He never took credit for what he achieved with India and continues to possess a modest approach towards coaching, something which South Africa is able to experience now since he is finally his home country’s coach. The team had a successful tour of New Zealand recently and beat Sri Lanka at home in ODIs and Tests. If he can guide the Proteas to a World Cup win in 2015 and the No.1 spot in Test cricket, he could definitely qualify to be one of the greatest coaches of all time and one of those rare men who have turned to be good coaches as well as good players.

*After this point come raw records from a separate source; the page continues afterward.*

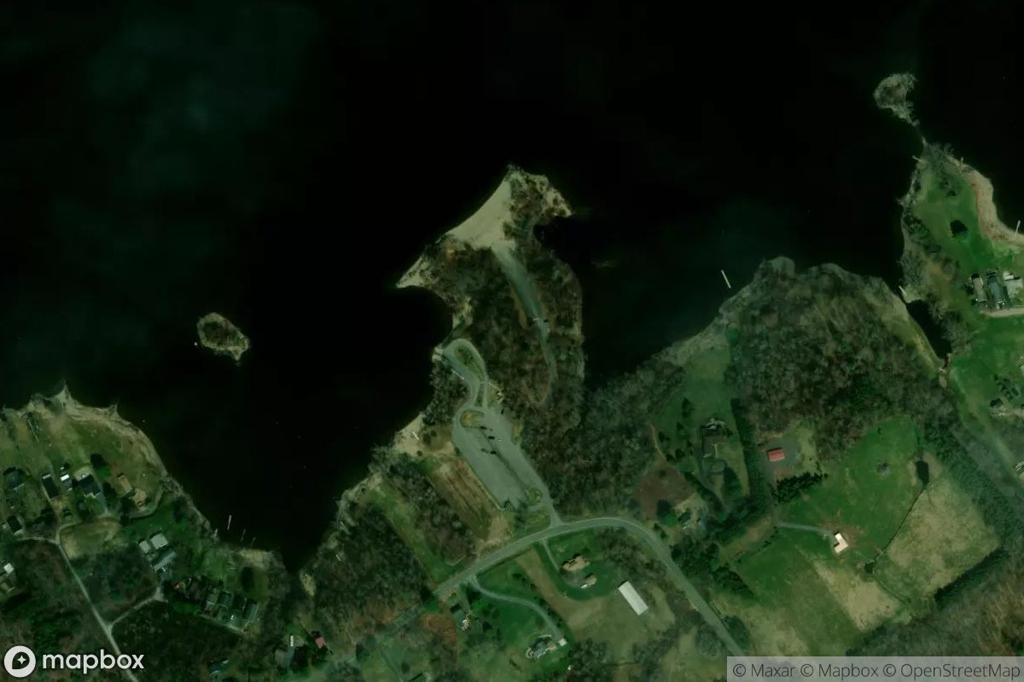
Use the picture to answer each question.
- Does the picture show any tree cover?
Yes
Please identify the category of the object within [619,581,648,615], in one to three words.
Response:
barn
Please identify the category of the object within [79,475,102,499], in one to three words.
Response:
house
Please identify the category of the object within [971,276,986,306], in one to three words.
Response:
house
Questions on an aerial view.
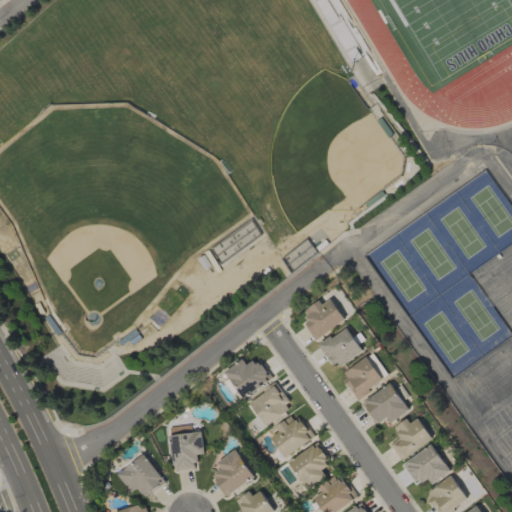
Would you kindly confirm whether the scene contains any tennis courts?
Yes
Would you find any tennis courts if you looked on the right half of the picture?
Yes
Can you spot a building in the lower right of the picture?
Yes
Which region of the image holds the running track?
top right
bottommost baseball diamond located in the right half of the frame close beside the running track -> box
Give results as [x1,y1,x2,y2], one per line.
[272,70,405,231]
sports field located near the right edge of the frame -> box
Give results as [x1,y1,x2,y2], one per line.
[375,0,512,94]
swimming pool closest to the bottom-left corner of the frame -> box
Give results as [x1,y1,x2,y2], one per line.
[107,498,128,510]
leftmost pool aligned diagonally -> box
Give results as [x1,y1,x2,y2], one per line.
[123,440,140,460]
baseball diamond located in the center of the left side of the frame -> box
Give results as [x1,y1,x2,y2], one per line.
[0,104,253,353]
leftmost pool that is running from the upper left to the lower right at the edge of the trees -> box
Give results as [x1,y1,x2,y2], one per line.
[218,382,234,402]
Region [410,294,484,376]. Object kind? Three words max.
tennis court
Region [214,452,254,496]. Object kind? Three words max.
house
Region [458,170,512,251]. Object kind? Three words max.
tennis court
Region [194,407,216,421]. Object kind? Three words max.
swimming pool
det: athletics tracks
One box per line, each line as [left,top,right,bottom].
[344,0,512,128]
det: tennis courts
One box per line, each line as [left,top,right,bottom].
[458,170,512,251]
[368,234,440,316]
[398,213,470,294]
[410,294,484,376]
[428,192,500,272]
[441,273,512,354]

2) John Buchanan (Australia)
John Marshall Buchanan was born in Ipswich, Queensland on April 5, 1953. Being tall and slightly darker in colour with respect to the people of his country, he is still a recognized figure in Australian cricket despite having quit as the coach of the national team in April 2007. Not to mention, being bespectacled, it seemed from his external personality itself that he was a more academic oriented person and has an analytical mind. He was a lecturer at one point of time at the prestigious University of Queensland in Brisbane.
He has never played Test cricket for Australia but has first class experience, having played for his home province, Queensland in Sheffield Shield cricket in the 1978-79 season. But it was an unsuccessful stint for him, as he managed to score a meager 160 runs in 7 matches, being mainly a batsman who could bowl a bit. Yet, it was primarily due to this stint that the Australian Cricket Board (now Cricket Australia) chose him as coach in October 1999, shortly after the team’s World Cup victory in England.

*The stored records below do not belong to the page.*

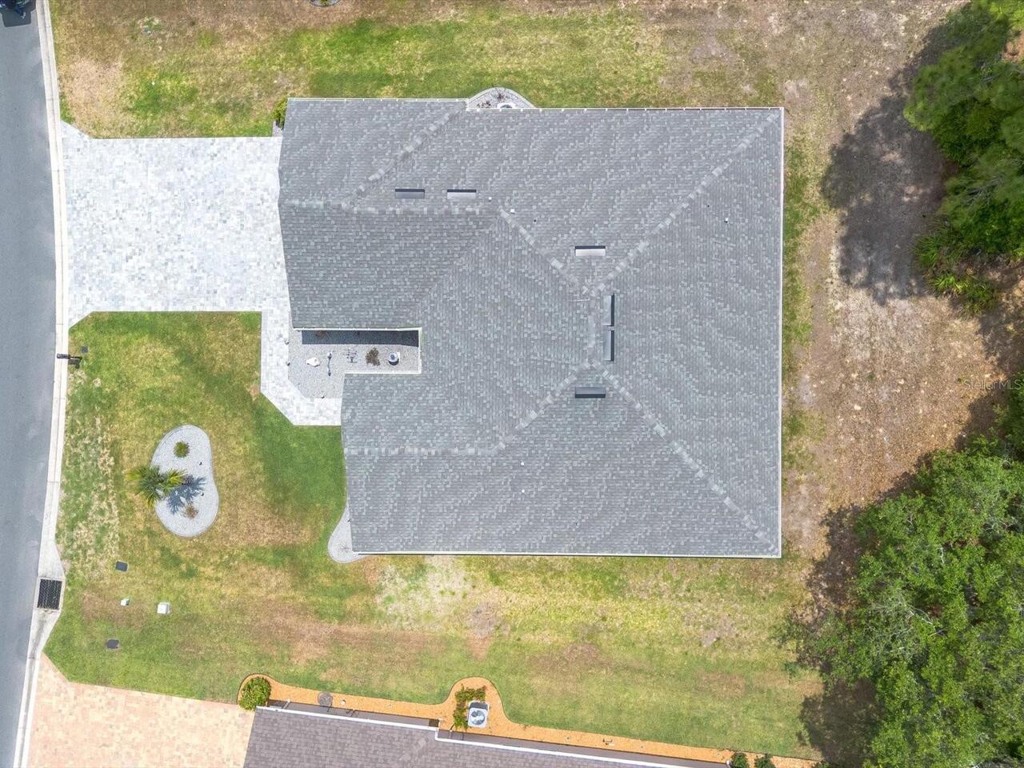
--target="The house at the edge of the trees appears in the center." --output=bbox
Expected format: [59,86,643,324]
[273,95,786,560]
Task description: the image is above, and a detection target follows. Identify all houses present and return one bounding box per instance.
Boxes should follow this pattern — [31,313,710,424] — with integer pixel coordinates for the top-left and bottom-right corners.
[242,697,731,768]
[273,95,786,560]
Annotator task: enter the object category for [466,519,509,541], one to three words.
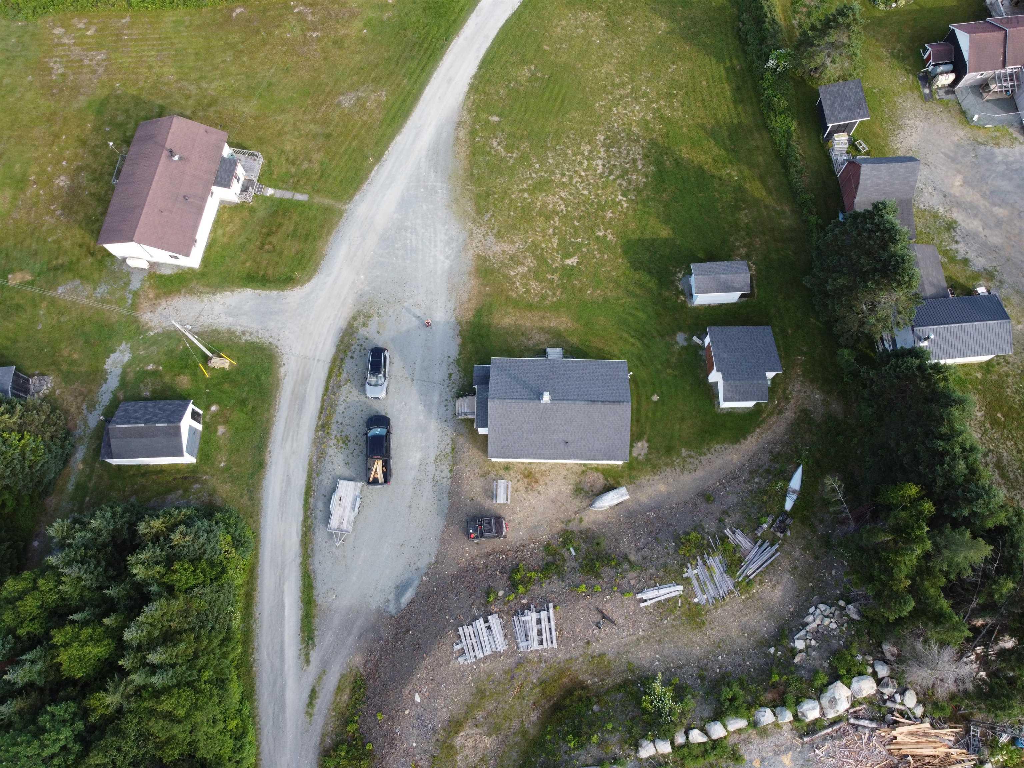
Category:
vehicle
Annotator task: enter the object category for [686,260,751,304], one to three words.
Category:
shed
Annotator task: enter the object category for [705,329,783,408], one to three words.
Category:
building
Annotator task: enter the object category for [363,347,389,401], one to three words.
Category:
car
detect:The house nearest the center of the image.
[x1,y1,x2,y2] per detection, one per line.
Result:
[473,357,633,465]
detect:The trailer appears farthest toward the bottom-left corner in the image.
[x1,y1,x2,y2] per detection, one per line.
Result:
[327,479,362,550]
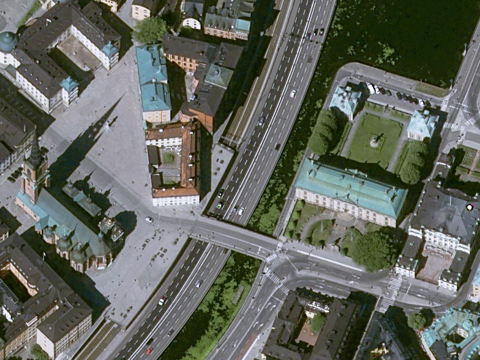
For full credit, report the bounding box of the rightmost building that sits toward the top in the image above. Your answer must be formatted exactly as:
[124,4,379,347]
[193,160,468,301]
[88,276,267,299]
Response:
[405,102,440,145]

It was a considered to be a dubious selection but eventually turned out to be an excellent one as his tenure as coach began with 15 consecutive wins in international matches. He believed that he had to work hard on two things – firstly, on building a solid rapport with the then captain Steve Waugh and secondly, on attempting to improve the personality of the players so that their performances on the field are affected positively. He did succeed in achieving both those objectives, the second one to an extent as he never had a good relationship with the team’s legendary spinner, Shane Warne.
Warne and Buchanan were always at loggerheads with each other, whether it was in cricketing or non-cricketing issues. Fortunately, both of them always bothered for the team first and put their personal differences aside for Australia’s benefit. As a result, it was under Buchanan that Australia officially was ranked World No.1 in Test cricket for the first time, and the reign expanded seven years.
In this time, Australia was not only unbeatable at home but also prevailed in series in England, India, Sri Lanka, West Indies, Bangladesh, South Africa and New Zealand. This implies that the manner in which he worked with Waugh and Ricky Ponting in the second half of his tenure must have been impressive and to approve this theory, both of them have given him due credit for the team’s dominance in world cricket at the time.
Even if Buchanan will always be remembered as a coach who was at the helm when Australia won two World Cups, in 2003 and 2007, he is somehow considered as a ‘greatest’ coach by many, Warne being of course one of them. This is because Buchanan can tend to complicate even the simplest aspects of the game. It was seen during his two-year term as the coach of the Kolkata Knight Riders (KKR) in the IPL, when he was said to have thought of the idea of a ‘multiple captains’ theory which involved the team having more than one captain for the tournament.
This turned out to be a way of masking his differences with Sourav Ganguly, the icon player of the team then and surprisingly, Brendon McCullum led the team for the whole 2009 IPL season in South Africa where they finished at the bottom of the points table. Buchanan was unceremoniously dumped from the KKR team management and since then their performances have improved, because there has not been that much of a team rift.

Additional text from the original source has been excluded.